Czesław Michniewicz nie będzie selekcjonerem reprezentacji Polski w 2023 roku. PZPN poinformował, że nie przedłuży wygasającego kontraktu z selekcjonerem. Powody? Z tych sportowych bardzo słaby styl gry reprezentacji. A poza tym fatalna atmosfera wokół kadry. Wszystko przez tzw. aferę premiową, która ciągnie się za kadrą i PZPN-em od momentu wyeliminowania drużyny z turnieju. Nadal nie została ona w stu procentach wyjaśniona, a w mediach wciąż pojawiają się nowe informacje.

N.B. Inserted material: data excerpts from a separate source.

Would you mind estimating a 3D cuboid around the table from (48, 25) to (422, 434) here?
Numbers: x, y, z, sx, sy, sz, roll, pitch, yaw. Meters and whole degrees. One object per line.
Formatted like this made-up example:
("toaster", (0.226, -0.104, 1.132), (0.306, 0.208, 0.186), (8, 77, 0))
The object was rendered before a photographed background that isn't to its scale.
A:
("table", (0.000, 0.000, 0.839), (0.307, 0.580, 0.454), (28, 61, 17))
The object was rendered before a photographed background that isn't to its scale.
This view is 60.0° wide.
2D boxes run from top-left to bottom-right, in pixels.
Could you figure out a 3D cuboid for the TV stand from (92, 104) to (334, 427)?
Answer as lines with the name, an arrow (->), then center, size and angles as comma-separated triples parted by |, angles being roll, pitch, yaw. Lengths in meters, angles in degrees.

Zobacz wideo Flagi i tłumy kibiców. Tak Oberstdorf otwiera TCS

Niezależnie od wszystkiego fakt jest taki, że reprezentacja Polski znowu nie ma selekcjonera. I na razie nie wiadomo, kto nim zostanie. Eksperci i dziennikarze dyskutują głównie o tym, czy selekcjoner powinien być Polakiem, czy cudzoziemcem. "Dyskusja: trener z Polski, czy z zagranicy, jest jałowa. Przy naszych piłkarzach światowcach trener z zapyziałej futbolowej prowincji jest stracony na starcie" – pisze na Sport.pl Michał Kiedrowski.

Marek Papszun jest gotowy na reprezentację. "Nie wiem, czy jest taka wizja"

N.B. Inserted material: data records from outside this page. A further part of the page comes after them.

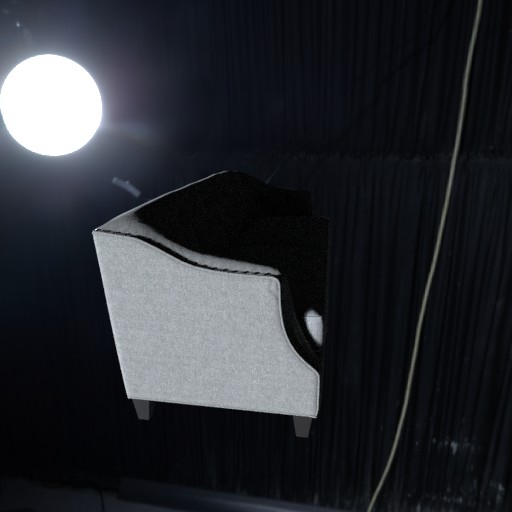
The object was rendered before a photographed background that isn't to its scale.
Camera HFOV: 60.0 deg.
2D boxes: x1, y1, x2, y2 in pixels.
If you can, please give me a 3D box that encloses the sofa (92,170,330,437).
[{"bbox_3d":[0.000,0.000,2.790,0.914,0.901,2.235,3,17,9],"label":"sofa"}]
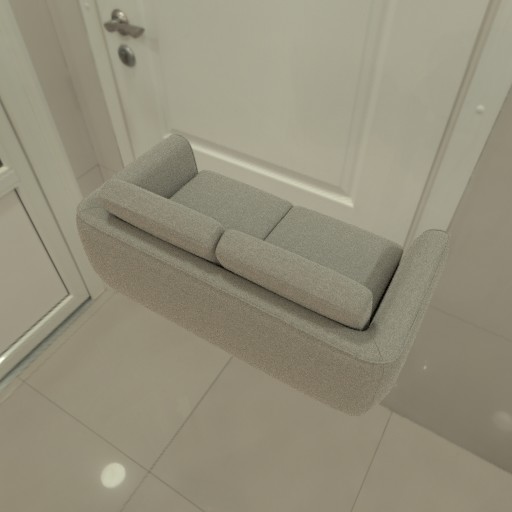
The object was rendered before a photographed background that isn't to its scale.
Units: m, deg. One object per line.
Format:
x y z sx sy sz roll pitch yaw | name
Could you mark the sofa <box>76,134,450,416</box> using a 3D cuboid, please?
0.000 0.000 2.275 1.700 0.850 0.920 24 52 20 | sofa
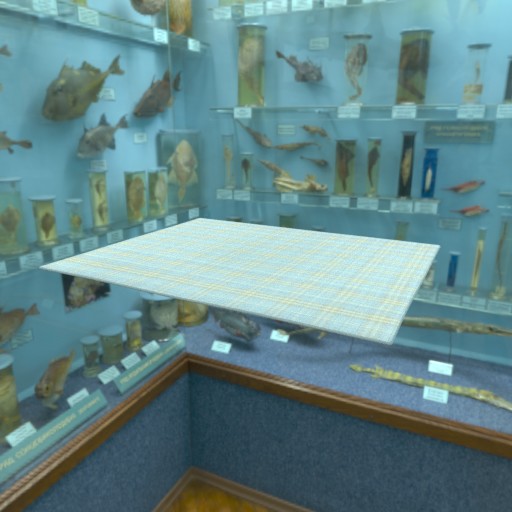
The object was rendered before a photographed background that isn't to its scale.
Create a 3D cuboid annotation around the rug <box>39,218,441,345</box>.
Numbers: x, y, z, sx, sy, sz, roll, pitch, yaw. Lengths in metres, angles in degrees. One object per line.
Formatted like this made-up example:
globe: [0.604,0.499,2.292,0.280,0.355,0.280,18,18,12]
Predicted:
rug: [0.000,0.000,4.271,3.066,0.030,2.462,9,18,27]
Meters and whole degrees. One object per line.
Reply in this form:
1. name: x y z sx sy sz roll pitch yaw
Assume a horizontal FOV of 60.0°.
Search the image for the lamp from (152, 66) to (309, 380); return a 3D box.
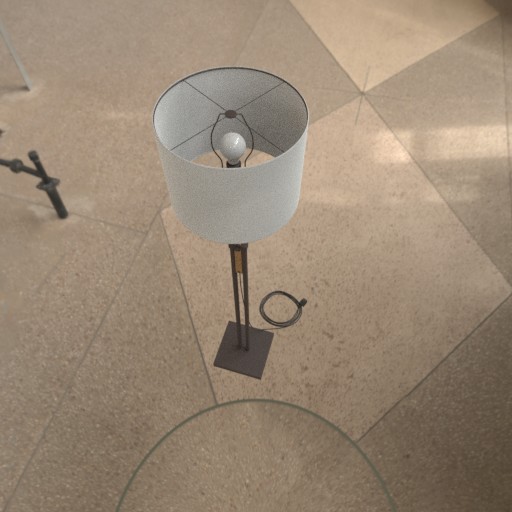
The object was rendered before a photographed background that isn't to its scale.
1. lamp: 0.000 0.000 1.893 0.474 1.650 0.639 14 57 9

Wśród polskich kandydatur w mediach regularnie pojawia się nazwisko Marka Papszuna. Jest on na bardzo dobrej drodze, żeby zdobyć z Rakowem Częstochowa mistrzostwo Polski. To jeden z najlepszych polskich trenerów. Niedawno w rozmowie z "Weszło!" stwierdził, że byłby gotowy na pracę w kadrze. - Uważam, że nie jest dla mnie za wcześnie. Niektórzy selekcjonerzy naszej reprezentacji nie mieli wielkiego doświadczenia, jeżeli chodzi o jakieś osiągnięcia czy trofea w Polsce, a dobrze radzili sobie z kadrą – powiedział.

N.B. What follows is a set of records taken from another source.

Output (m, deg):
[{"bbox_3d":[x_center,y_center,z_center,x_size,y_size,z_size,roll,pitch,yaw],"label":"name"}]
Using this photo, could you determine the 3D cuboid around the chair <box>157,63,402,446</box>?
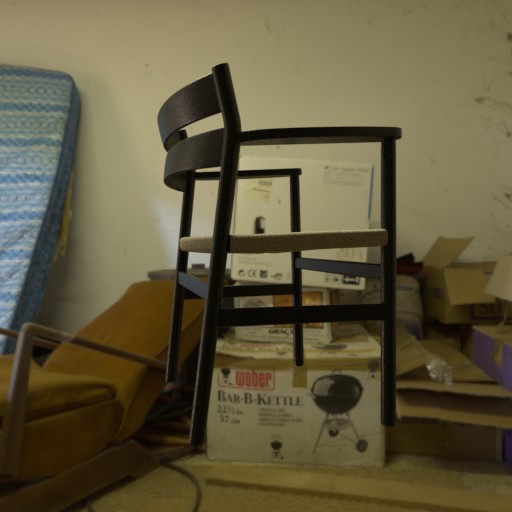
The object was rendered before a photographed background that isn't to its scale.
[{"bbox_3d":[0.000,0.000,1.185,0.508,0.775,0.630,-1,2,-18],"label":"chair"}]
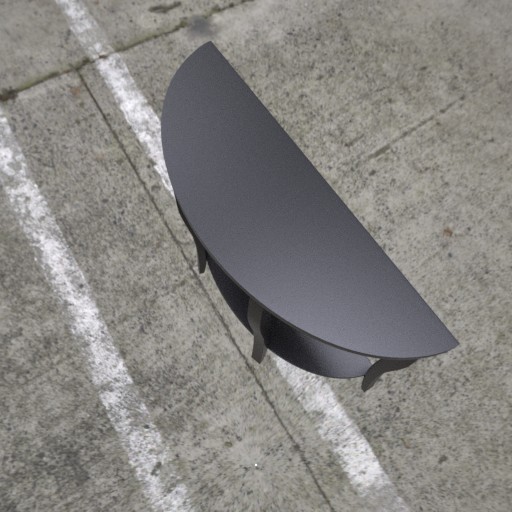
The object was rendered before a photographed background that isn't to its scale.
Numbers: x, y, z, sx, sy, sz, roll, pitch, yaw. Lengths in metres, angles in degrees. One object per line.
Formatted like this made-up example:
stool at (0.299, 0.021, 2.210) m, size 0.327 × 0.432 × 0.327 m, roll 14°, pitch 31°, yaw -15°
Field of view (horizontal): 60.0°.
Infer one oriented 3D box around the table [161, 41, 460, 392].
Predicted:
table at (0.000, 0.000, 1.588) m, size 0.394 × 0.780 × 1.219 m, roll -29°, pitch 68°, yaw -13°
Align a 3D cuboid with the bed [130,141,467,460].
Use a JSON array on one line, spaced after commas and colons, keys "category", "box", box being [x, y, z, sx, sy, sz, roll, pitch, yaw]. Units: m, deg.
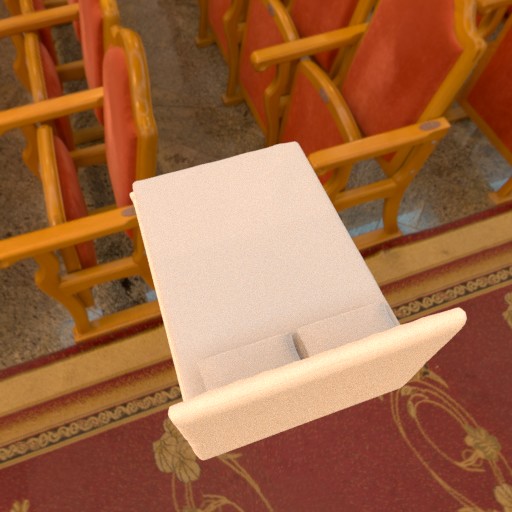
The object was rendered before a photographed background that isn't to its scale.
[{"category": "bed", "box": [0.000, 0.000, 3.463, 1.698, 1.427, 2.387, -16, 60, -10]}]
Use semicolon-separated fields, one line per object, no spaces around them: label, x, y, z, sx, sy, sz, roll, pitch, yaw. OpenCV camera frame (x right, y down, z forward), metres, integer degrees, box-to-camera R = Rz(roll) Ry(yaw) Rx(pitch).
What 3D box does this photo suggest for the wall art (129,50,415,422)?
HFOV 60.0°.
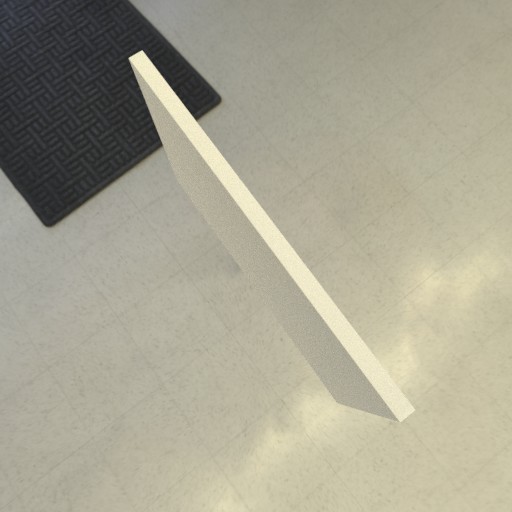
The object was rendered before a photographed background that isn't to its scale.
wall art;0.000;0.000;1.143;0.038;0.601;0.898;-34;77;-9
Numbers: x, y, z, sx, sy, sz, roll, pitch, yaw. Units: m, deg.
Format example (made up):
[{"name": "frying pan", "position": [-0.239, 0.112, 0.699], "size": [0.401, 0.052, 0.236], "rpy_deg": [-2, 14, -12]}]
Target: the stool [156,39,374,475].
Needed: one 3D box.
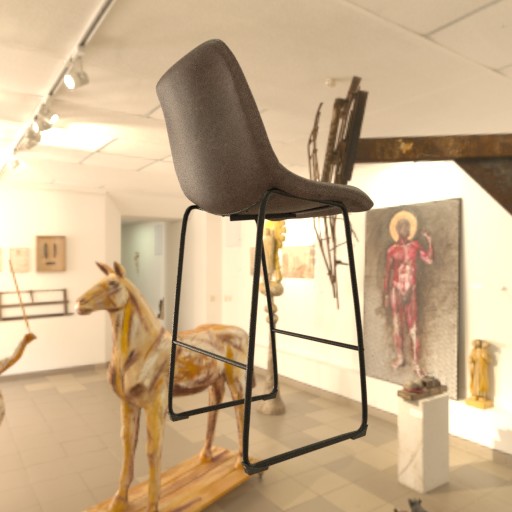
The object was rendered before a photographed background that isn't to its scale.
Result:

Po tej wypowiedzi pojawiły się spekulacje, że Papszun zgłosił tym samym swoją kandydaturę na selekcjonera. Teraz odniósł się do swoich słów w rozmowie z serwisem meczyki.pl - Być gotowym na prowadzenie reprezentacji Polski, to nie znaczy objąć reprezentację. Mówię, że jestem na to przygotowany jako trener, a to nie jest proste, nie jest łatwe. Ale też nie mówię, że kiedy będzie możliwość, to od razu jestem. Nie wiem, czy w ogóle jest taka wizja w PZPN, u prezesa Cezarego Kuleszy w głowie, żeby ze mną o tym porozmawiać – powiedział. Na pytanie, czy byłby skłonny porzucić Raków dla reprezentacji odpowiedział: - Nie ma tematu dla mnie na ten moment.

Najnowsze informacje odnośnie wyboru nowego selekcjonera podał w czwartek Piotr Koźmiński z serwisu WP Sportowe Fakty. Według jego doniesień PZPN negocjuje z byłym selekcjonerem reprezentacji Szwajcarii, Vladimirem Petkoviciem.